*** Excerpted data ***
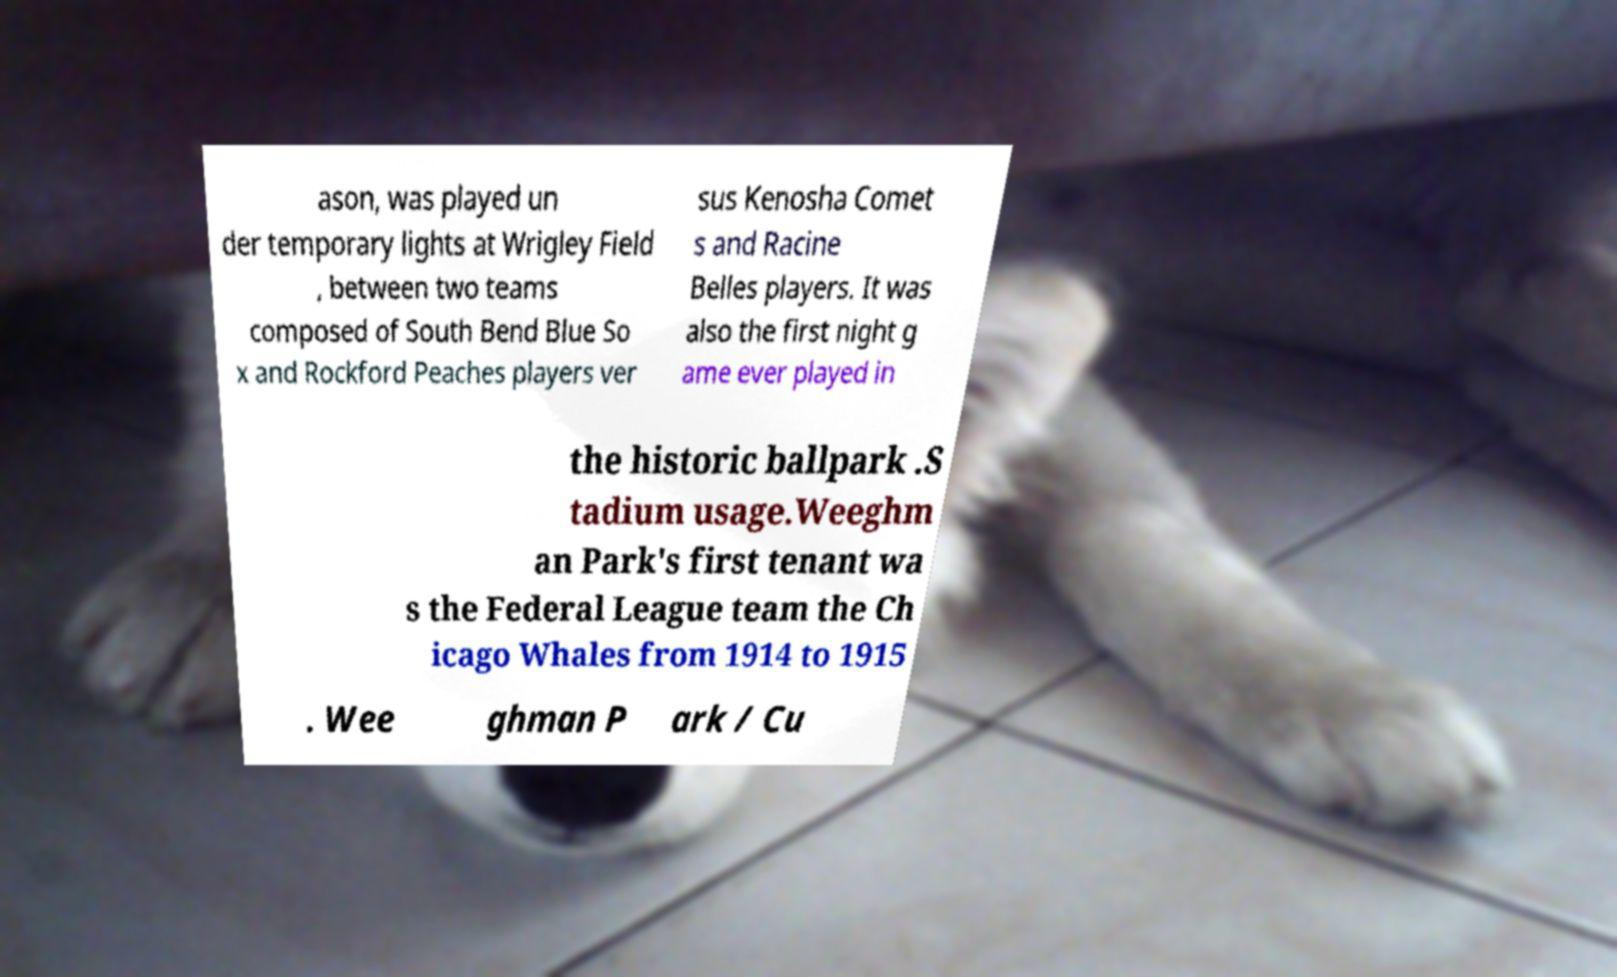There's text embedded in this image that I need extracted. Can you transcribe it verbatim? ason, was played un der temporary lights at Wrigley Field , between two teams composed of South Bend Blue So x and Rockford Peaches players ver sus Kenosha Comet s and Racine Belles players. It was also the first night g ame ever played in the historic ballpark .S tadium usage.Weeghm an Park's first tenant wa s the Federal League team the Ch icago Whales from 1914 to 1915 . Wee ghman P ark / Cu 
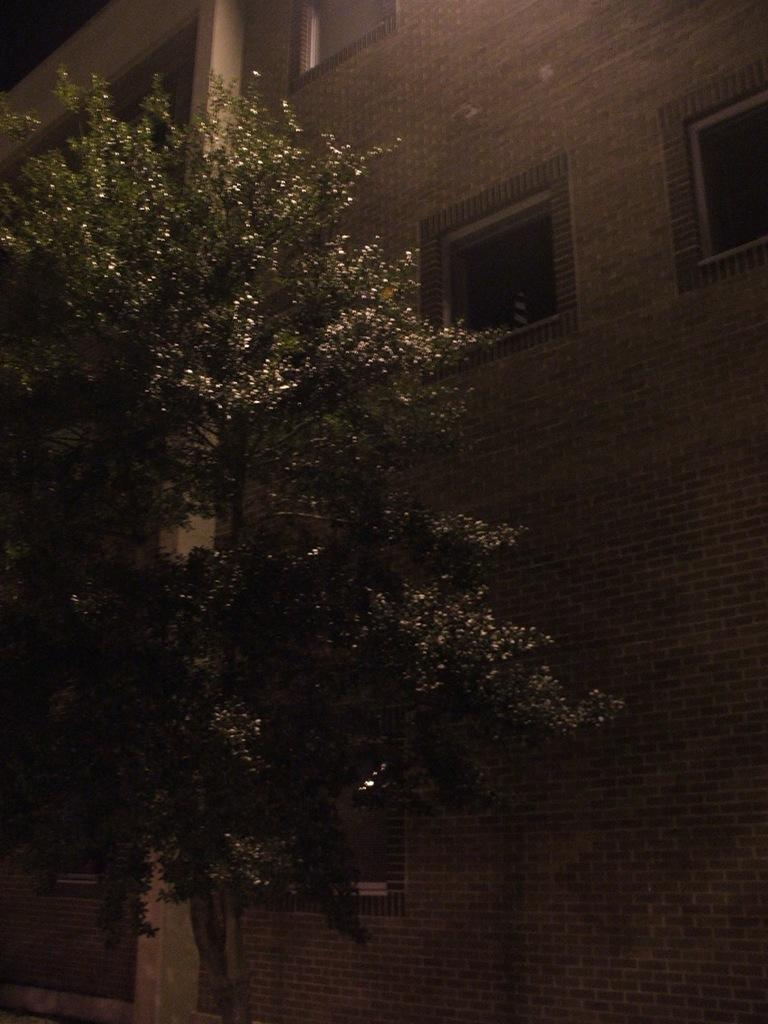What is the main object in the foreground of the image? There is a tree in the image. What can be seen behind the tree? There is a building behind the tree. What feature of the building is mentioned in the facts? The building has windows. Is there a mask hanging on the tree in the image? There is no mention of a mask in the facts provided, so we cannot determine if there is a mask hanging on the tree in the image. 
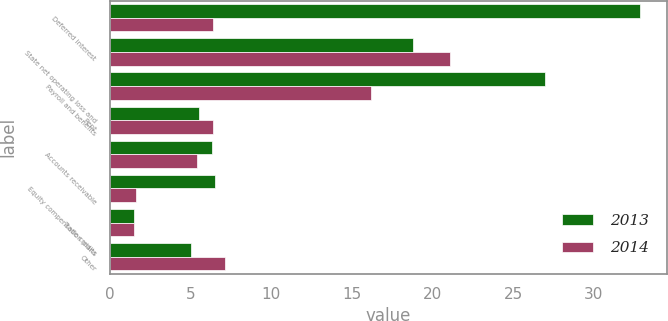<chart> <loc_0><loc_0><loc_500><loc_500><stacked_bar_chart><ecel><fcel>Deferred interest<fcel>State net operating loss and<fcel>Payroll and benefits<fcel>Rent<fcel>Accounts receivable<fcel>Equity compensation plans<fcel>Trade credits<fcel>Other<nl><fcel>2013<fcel>32.9<fcel>18.8<fcel>27<fcel>5.5<fcel>6.3<fcel>6.5<fcel>1.5<fcel>5<nl><fcel>2014<fcel>6.4<fcel>21.1<fcel>16.2<fcel>6.4<fcel>5.4<fcel>1.6<fcel>1.5<fcel>7.1<nl></chart> 
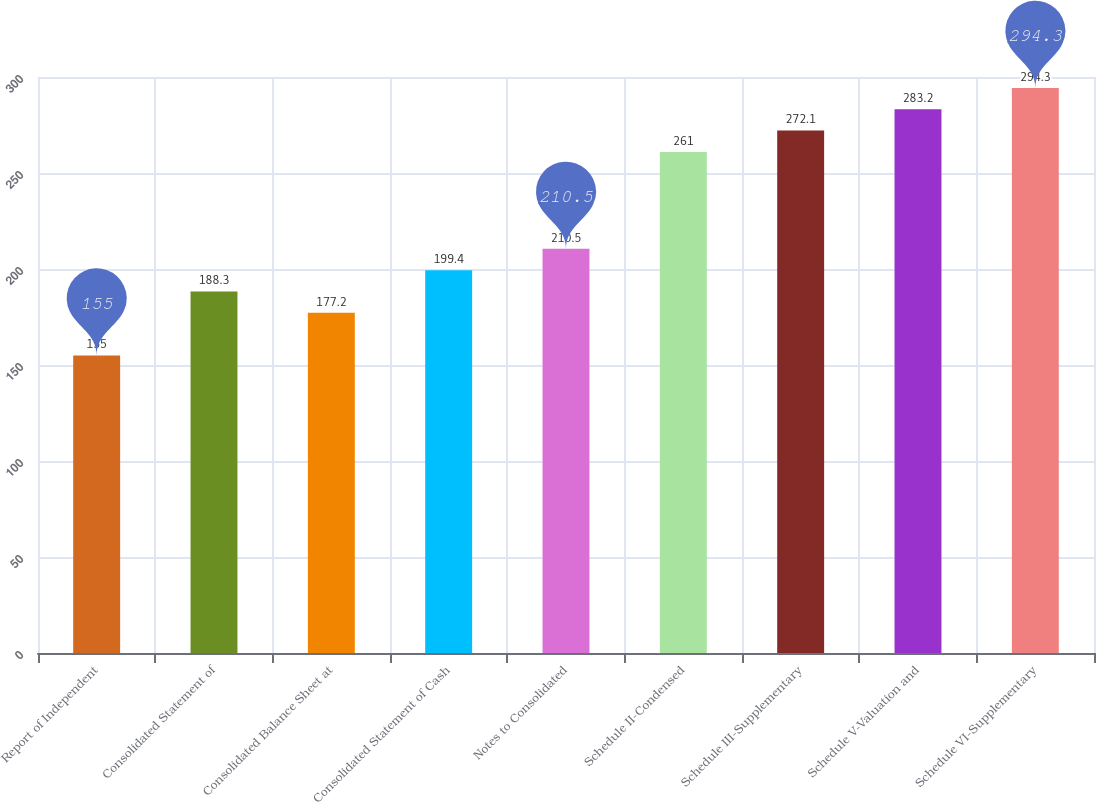Convert chart to OTSL. <chart><loc_0><loc_0><loc_500><loc_500><bar_chart><fcel>Report of Independent<fcel>Consolidated Statement of<fcel>Consolidated Balance Sheet at<fcel>Consolidated Statement of Cash<fcel>Notes to Consolidated<fcel>Schedule II-Condensed<fcel>Schedule III-Supplementary<fcel>Schedule V-Valuation and<fcel>Schedule VI-Supplementary<nl><fcel>155<fcel>188.3<fcel>177.2<fcel>199.4<fcel>210.5<fcel>261<fcel>272.1<fcel>283.2<fcel>294.3<nl></chart> 
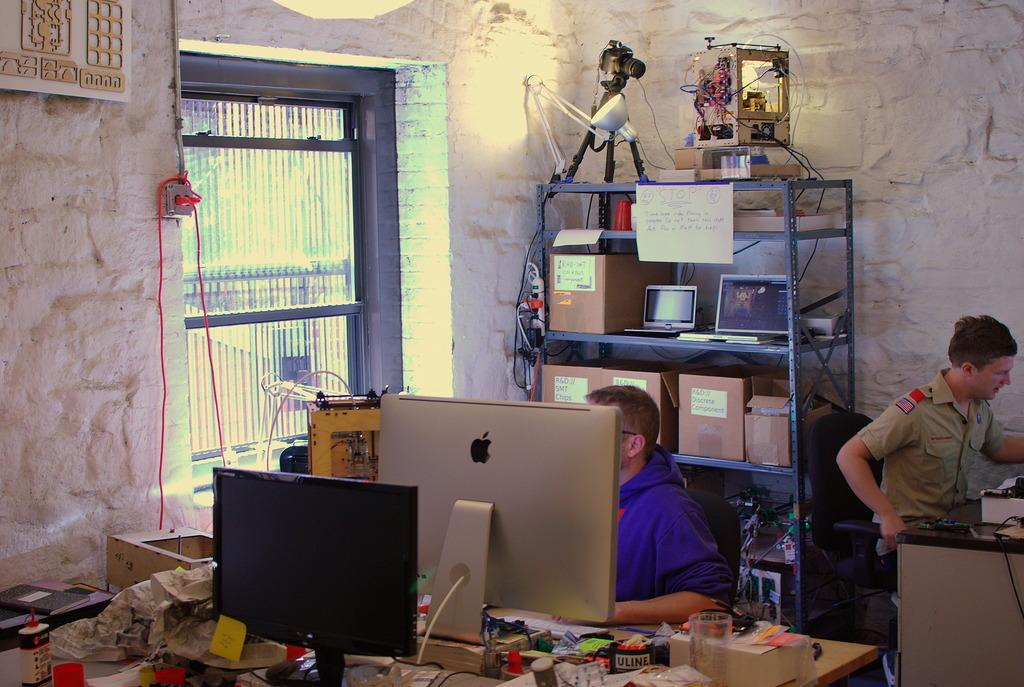How many computers are visible in the image? There are two computers in the image. Who is present in the image? There is a man behind the computers and another person sitting at the right side of the image. What can be seen at the left side of the image? There is a window at the left side of the image. How many kittens are sitting on the man's lap in the image? There are no kittens present in the image; only the man and the computers can be seen. What type of lipstick is the person wearing in the image? There is no indication of lipstick or any makeup in the image, as the focus is on the computers and the people using them. 
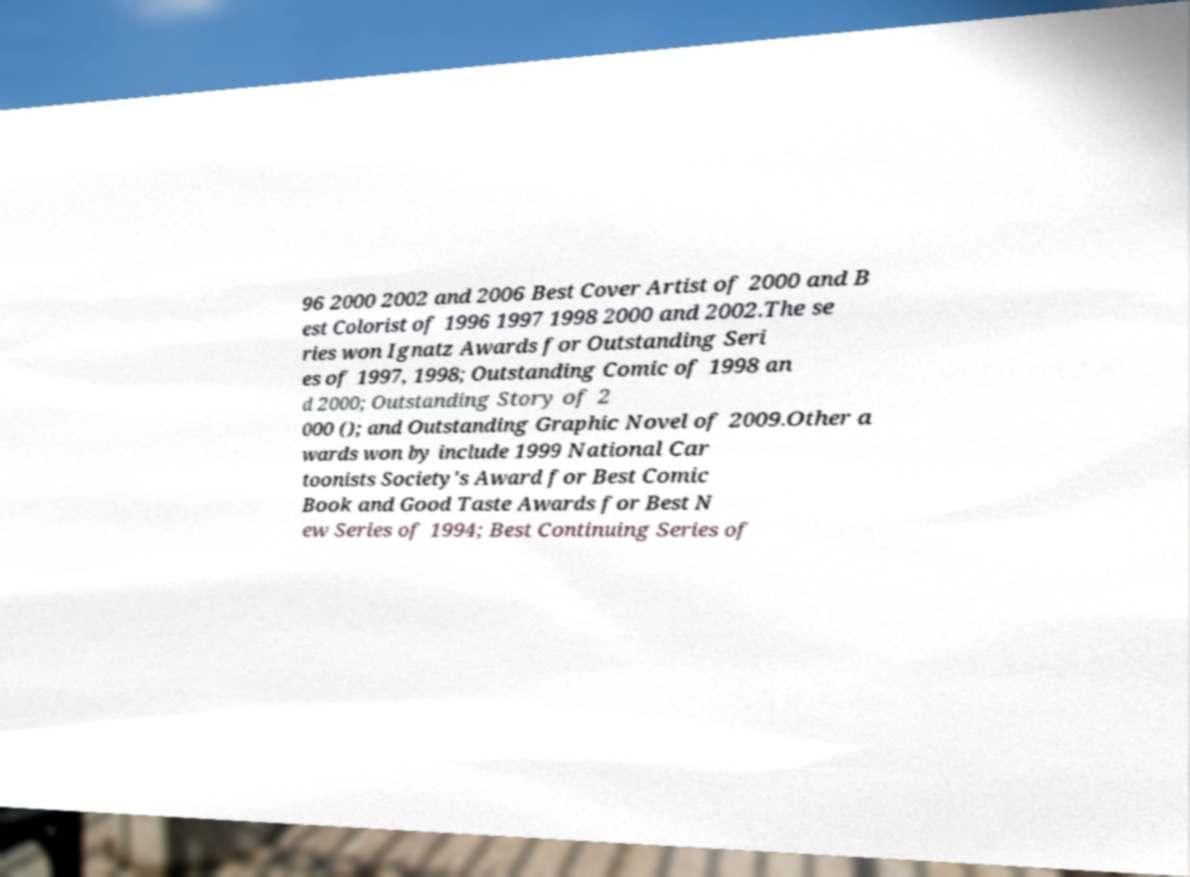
*** End of Excerpted data ***
Work request – In the listing above, find the line with "What is the" and the line with "interest<fcel>State net operating". Copy both of them and every line between, exactly, but not the pictures.

Response for this exercise –
What is the main object in the foreground of the image? There is a tree in the image. What can be seen behind the tree? There is a building behind the tree. What feature of the building is mentioned in the facts? The building has windows. Is there a mask hanging on the tree in the image? There is no mention of a mask in the facts provided, so we cannot determine if there is a mask hanging on the tree in the image. 
<chart> <loc_0><loc_0><loc_500><loc_500><stacked_bar_chart><ecel><fcel>Deferred interest<fcel>State net operating loss and<fcel>Payroll and benefits<fcel>Rent<fcel>Accounts receivable<fcel>Equity compensation plans<fcel>Trade credits<fcel>Other<nl><fcel>2013<fcel>32.9<fcel>18.8<fcel>27<fcel>5.5<fcel>6.3<fcel>6.5<fcel>1.5<fcel>5<nl><fcel>2014<fcel>6.4<fcel>21.1<fcel>16.2<fcel>6.4<fcel>5.4<fcel>1.6<fcel>1.5<fcel>7.1<nl></chart> 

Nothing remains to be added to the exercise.